Source material:
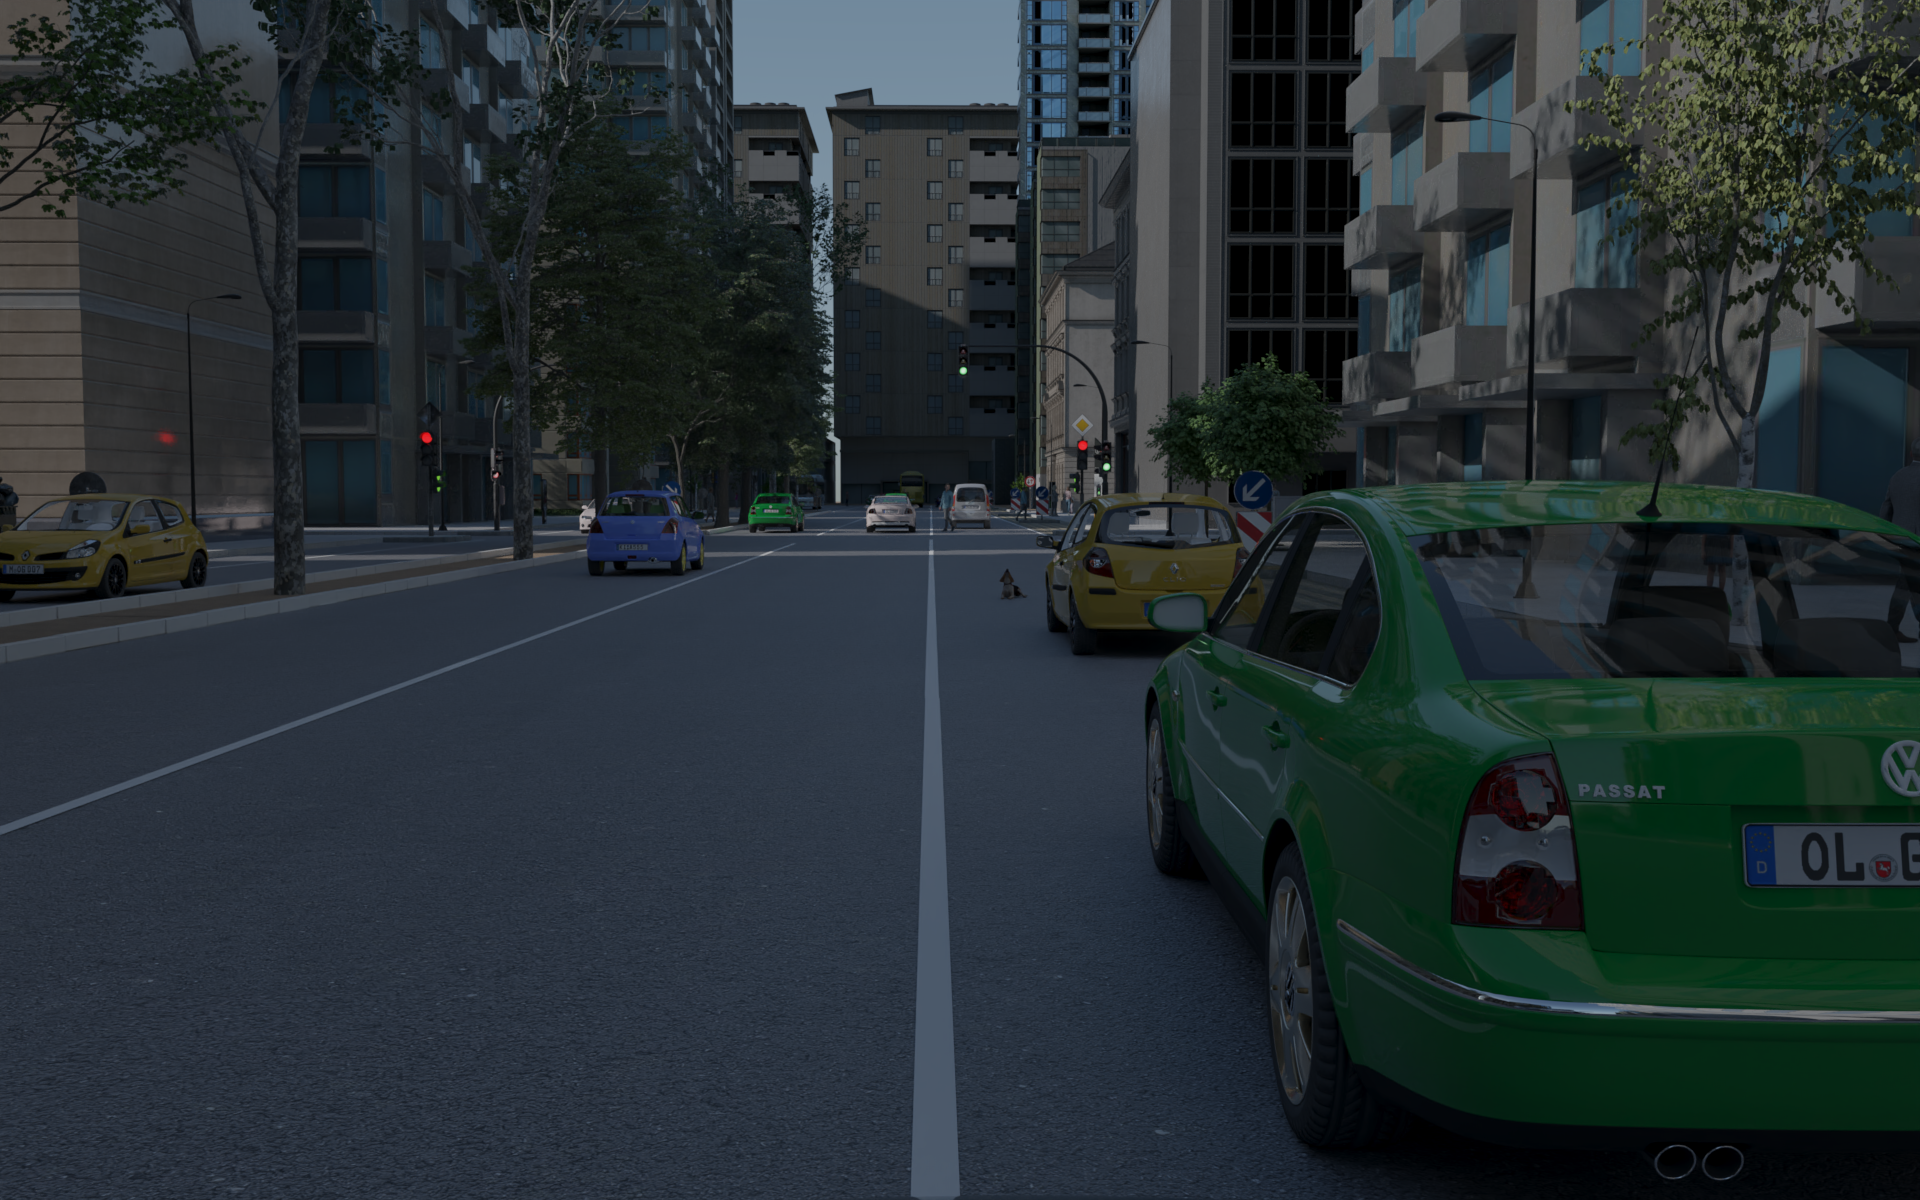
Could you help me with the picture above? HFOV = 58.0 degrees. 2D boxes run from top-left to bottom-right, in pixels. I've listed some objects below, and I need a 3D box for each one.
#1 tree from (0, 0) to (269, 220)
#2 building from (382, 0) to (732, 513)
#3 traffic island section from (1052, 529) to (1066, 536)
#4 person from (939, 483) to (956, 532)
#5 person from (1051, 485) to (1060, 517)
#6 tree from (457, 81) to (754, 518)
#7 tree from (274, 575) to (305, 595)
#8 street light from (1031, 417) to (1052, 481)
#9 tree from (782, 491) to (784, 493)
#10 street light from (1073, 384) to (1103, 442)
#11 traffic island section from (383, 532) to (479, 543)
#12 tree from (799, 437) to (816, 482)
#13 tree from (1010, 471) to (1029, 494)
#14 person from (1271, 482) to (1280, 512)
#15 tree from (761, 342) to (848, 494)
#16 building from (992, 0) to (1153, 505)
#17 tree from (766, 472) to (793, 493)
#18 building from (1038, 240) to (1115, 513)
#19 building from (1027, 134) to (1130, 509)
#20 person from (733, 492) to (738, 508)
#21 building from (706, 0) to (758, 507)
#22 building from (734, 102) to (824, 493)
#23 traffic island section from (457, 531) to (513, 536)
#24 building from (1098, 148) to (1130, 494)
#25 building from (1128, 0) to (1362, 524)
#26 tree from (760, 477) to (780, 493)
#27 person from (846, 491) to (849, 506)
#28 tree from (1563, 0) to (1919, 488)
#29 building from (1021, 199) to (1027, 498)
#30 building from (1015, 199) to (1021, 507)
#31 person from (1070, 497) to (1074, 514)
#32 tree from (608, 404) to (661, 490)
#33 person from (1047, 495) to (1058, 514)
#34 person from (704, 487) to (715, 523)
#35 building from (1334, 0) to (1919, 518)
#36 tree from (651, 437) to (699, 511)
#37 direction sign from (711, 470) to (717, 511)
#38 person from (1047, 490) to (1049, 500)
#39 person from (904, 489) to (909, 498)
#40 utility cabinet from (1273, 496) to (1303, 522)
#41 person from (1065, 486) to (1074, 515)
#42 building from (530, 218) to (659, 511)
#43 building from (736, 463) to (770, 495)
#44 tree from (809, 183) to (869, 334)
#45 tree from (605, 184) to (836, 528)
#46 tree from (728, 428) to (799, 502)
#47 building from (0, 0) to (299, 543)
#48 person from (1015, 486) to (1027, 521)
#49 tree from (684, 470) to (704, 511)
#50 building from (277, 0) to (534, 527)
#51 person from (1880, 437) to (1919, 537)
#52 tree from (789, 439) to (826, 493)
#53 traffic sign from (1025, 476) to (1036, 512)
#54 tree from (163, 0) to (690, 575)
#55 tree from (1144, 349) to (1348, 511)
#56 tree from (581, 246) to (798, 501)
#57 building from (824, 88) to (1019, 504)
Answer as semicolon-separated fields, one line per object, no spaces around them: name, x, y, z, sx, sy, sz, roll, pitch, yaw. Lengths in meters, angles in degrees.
tree;-9.137;-5.222;13.596;9.928;11.665;9.643;0;3;0
building;-32.826;-32.453;150.214;23.786;49.044;30.456;0;4;-1
traffic island section;4.312;-2.367;60.977;2.009;0.180;2.903;0;4;-1
person;-0.426;-3.535;66.163;0.748;1.841;0.638;-2;4;-30
person;5.470;-5.659;98.750;0.526;1.800;0.537;1;4;8
tree;-10.091;-7.800;48.115;7.486;12.596;7.792;0;3;0
tree;-10.748;-10.182;24.825;12.611;20.169;13.585;0;3;0
street light;4.982;-8.086;104.753;1.470;5.913;1.316;0;4;-1
tree;-20.840;-12.900;205.518;1.663;3.219;1.824;0;3;0
street light;5.472;-6.153;73.149;1.470;5.913;1.316;0;4;-1
traffic island section;-16.094;-1.858;52.658;2.009;0.180;2.903;0;4;-1
tree;-10.881;-9.943;115.390;4.360;8.622;3.978;0;3;0
tree;4.992;-9.184;144.765;1.663;3.219;1.824;0;3;0
person;10.885;-3.248;60.149;0.512;1.701;0.522;-2;4;-30
tree;-10.921;-11.470;108.124;7.486;12.596;7.792;0;3;0
building;15.289;-53.850;193.121;22.319;86.520;31.000;0;4;-1
tree;-20.837;-13.280;200.845;4.285;4.588;4.351;0;3;0
building;11.518;-16.000;126.235;10.561;19.102;19.286;0;4;-1
building;13.240;-22.728;143.305;14.160;30.474;14.107;0;4;-1
person;-20.178;-8.970;155.925;0.599;1.433;0.991;1;4;15
building;-31.391;-45.071;175.160;20.563;71.187;20.611;0;4;-1
building;-31.351;-39.389;233.252;27.495;52.752;28.713;0;4;-1
traffic island section;-16.227;-2.346;60.642;2.009;0.180;2.903;0;4;-1
building;13.087;-15.010;96.331;10.553;20.767;40.483;0;4;-1
building;22.387;-15.250;68.404;30.058;24.678;14.314;0;4;-1
tree;-21.034;-11.963;190.190;1.663;3.219;1.824;0;3;0
person;-13.145;-11.908;203.727;0.750;1.759;0.617;3;4;37
tree;7.794;-4.063;16.795;4.737;8.622;4.395;0;3;0
building;13.267;-23.593;157.444;14.160;30.474;14.107;0;4;-1
building;12.393;-24.481;171.973;14.160;30.474;14.107;0;4;-1
person;7.035;-6.091;109.916;0.425;1.301;0.394;0;4;0
tree;-19.763;-9.571;106.853;4.737;8.622;4.395;0;3;0
person;5.876;-6.418;110.880;0.836;1.842;0.656;2;4;31
person;-12.357;-4.702;85.722;0.624;1.780;0.694;0;4;-6
building;21.134;-25.459;35.871;23.786;49.044;30.456;0;4;-1
tree;-19.601;-10.365;119.833;4.360;8.622;3.978;0;3;0
direction sign;-19.112;-8.733;134.782;0.379;3.537;0.876;1;4;22
person;5.906;-6.480;112.089;0.679;1.850;0.850;0;4;-2
person;-3.820;-6.929;122.004;0.699;1.804;1.509;0;4;3
utility cabinet;10.228;-2.602;53.699;1.020;1.237;0.306;0;4;-4
person;6.589;-6.017;105.008;0.593;1.750;0.643;2;4;31
building;-36.454;-16.594;116.357;27.650;21.520;28.899;0;4;-1
building;-38.316;-54.122;197.564;31.000;86.520;22.319;0;4;-1
tree;-11.759;-14.642;97.748;12.611;20.169;13.585;0;3;0
tree;-9.955;-9.967;72.065;9.857;13.997;8.962;0;3;0
tree;-10.621;-8.363;89.548;4.360;8.622;3.978;0;3;0
building;-29.476;-15.818;44.529;20.117;28.700;13.634;0;4;-1
person;3.296;-5.060;91.090;0.748;1.841;0.638;1;4;17
tree;-20.552;-8.475;133.160;1.663;3.219;1.824;0;3;0
building;-32.093;-28.035;77.977;23.786;49.044;30.456;0;4;-1
person;8.368;-0.527;15.052;0.834;1.777;0.661;-1;4;-19
tree;-11.316;-10.254;120.465;4.737;8.622;4.395;0;3;0
traffic sign;4.964;-7.492;122.601;0.768;2.556;0.104;0;4;8
tree;-10.632;-10.958;37.516;12.611;20.169;13.585;0;3;0
tree;7.054;-3.396;39.233;4.285;4.588;4.351;0;3;0
tree;-10.018;-7.710;62.920;8.767;10.594;7.601;0;4;-1
building;-3.404;-39.409;233.582;27.495;52.752;28.713;0;4;-1

Assignment: Send back exactly the lines of the listing above starting at the one with "#5 person from (1051, 485) to (1060, 517)" and ending at the one with "#54 tree from (163, 0) to (690, 575)", inclusive, and no others.

The completed task:
#5 person from (1051, 485) to (1060, 517)
#6 tree from (457, 81) to (754, 518)
#7 tree from (274, 575) to (305, 595)
#8 street light from (1031, 417) to (1052, 481)
#9 tree from (782, 491) to (784, 493)
#10 street light from (1073, 384) to (1103, 442)
#11 traffic island section from (383, 532) to (479, 543)
#12 tree from (799, 437) to (816, 482)
#13 tree from (1010, 471) to (1029, 494)
#14 person from (1271, 482) to (1280, 512)
#15 tree from (761, 342) to (848, 494)
#16 building from (992, 0) to (1153, 505)
#17 tree from (766, 472) to (793, 493)
#18 building from (1038, 240) to (1115, 513)
#19 building from (1027, 134) to (1130, 509)
#20 person from (733, 492) to (738, 508)
#21 building from (706, 0) to (758, 507)
#22 building from (734, 102) to (824, 493)
#23 traffic island section from (457, 531) to (513, 536)
#24 building from (1098, 148) to (1130, 494)
#25 building from (1128, 0) to (1362, 524)
#26 tree from (760, 477) to (780, 493)
#27 person from (846, 491) to (849, 506)
#28 tree from (1563, 0) to (1919, 488)
#29 building from (1021, 199) to (1027, 498)
#30 building from (1015, 199) to (1021, 507)
#31 person from (1070, 497) to (1074, 514)
#32 tree from (608, 404) to (661, 490)
#33 person from (1047, 495) to (1058, 514)
#34 person from (704, 487) to (715, 523)
#35 building from (1334, 0) to (1919, 518)
#36 tree from (651, 437) to (699, 511)
#37 direction sign from (711, 470) to (717, 511)
#38 person from (1047, 490) to (1049, 500)
#39 person from (904, 489) to (909, 498)
#40 utility cabinet from (1273, 496) to (1303, 522)
#41 person from (1065, 486) to (1074, 515)
#42 building from (530, 218) to (659, 511)
#43 building from (736, 463) to (770, 495)
#44 tree from (809, 183) to (869, 334)
#45 tree from (605, 184) to (836, 528)
#46 tree from (728, 428) to (799, 502)
#47 building from (0, 0) to (299, 543)
#48 person from (1015, 486) to (1027, 521)
#49 tree from (684, 470) to (704, 511)
#50 building from (277, 0) to (534, 527)
#51 person from (1880, 437) to (1919, 537)
#52 tree from (789, 439) to (826, 493)
#53 traffic sign from (1025, 476) to (1036, 512)
#54 tree from (163, 0) to (690, 575)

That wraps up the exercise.